Most plants can make up to a maximum of 10 + 10 mm glass, so a very large unit can be in excess of 400 kg. To handle these units requires special equipment or 10+ people, which is impractical. As a guide, units should not be over 250 kg, but even these create handling and glazing problems.
To calculate the approximate weight, use the following: Height (m) × width (m) × 2.6 kg/m2 × [thickness outer (mm) + thickness inner (mm)]. For example, a 2 × 1 m, 6/12/6 unit = 2 × 1 × 2.6 × (6 + 6) = 62.4 kg.

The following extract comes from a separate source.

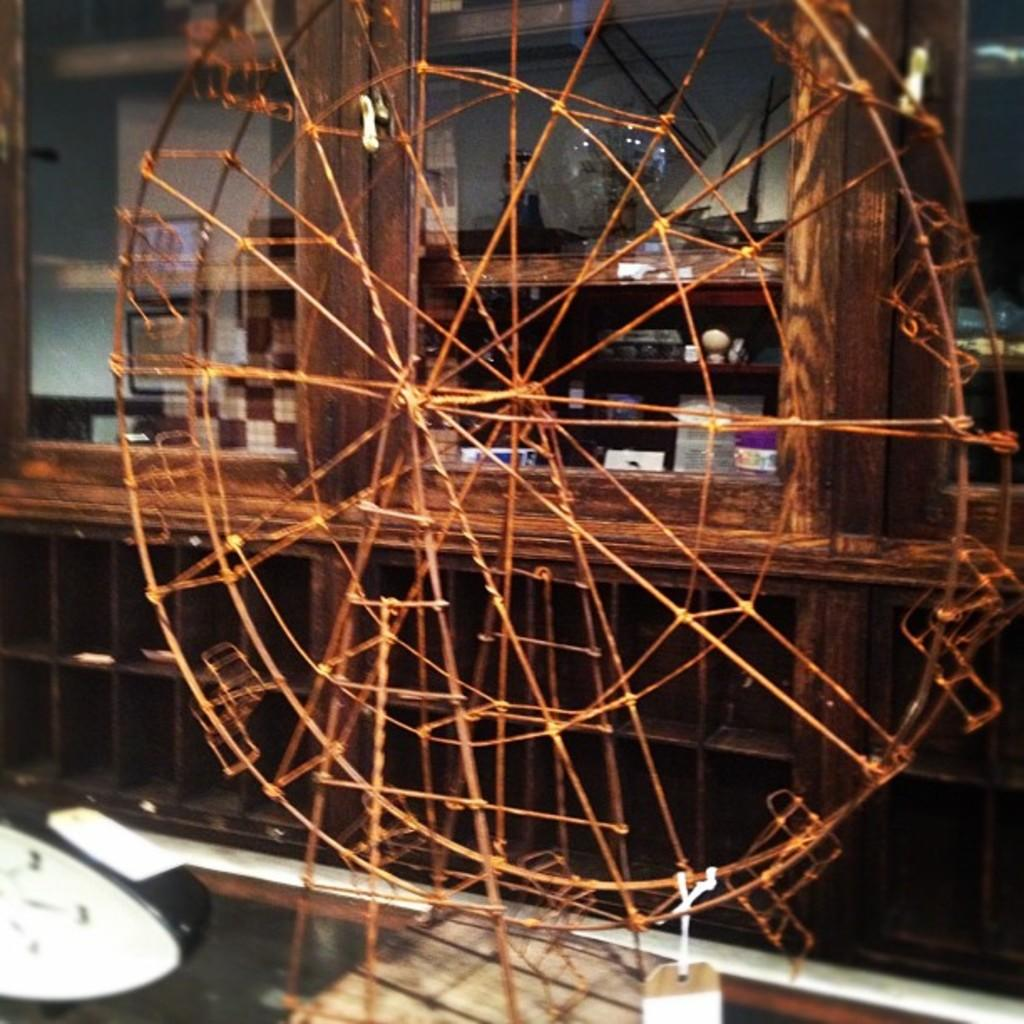What is the main subject in the center of the image? There is a ferris wheel in the center of the image. Can you describe anything visible in the background of the image? There is a glass visible in the background of the image. Where is the curtain located in the image? There is no curtain present in the image. Can you see a fireman operating the ferris wheel in the image? There is no fireman or any indication of a fireman operating the ferris wheel in the image.

Handling and glazing large heavy IGUs is best done with strops so both panes are supported, but in some cases, suckers are required. If suckers are used on one side only, they can put shear stress on the IGU seals and damage them.
Joinery must handle the weight
The weight and size of units will mean that a greater percentage of joinery must be site glazed, and this may increase the cost of the project.
The unit thickness and weight of large IGUs can also severely restrict the type of joinery that can be used, especially for sliding and pivot doors, double-hung windows and units with traditional timber joinery sections. In some sash windows, special stays and hardware are required to hold the windows open. Some large sliding doors are hard to slide and to stop once moving.
Also, the weight must be transferred from the frame to the building structure, so special brackets are often required to support the weight.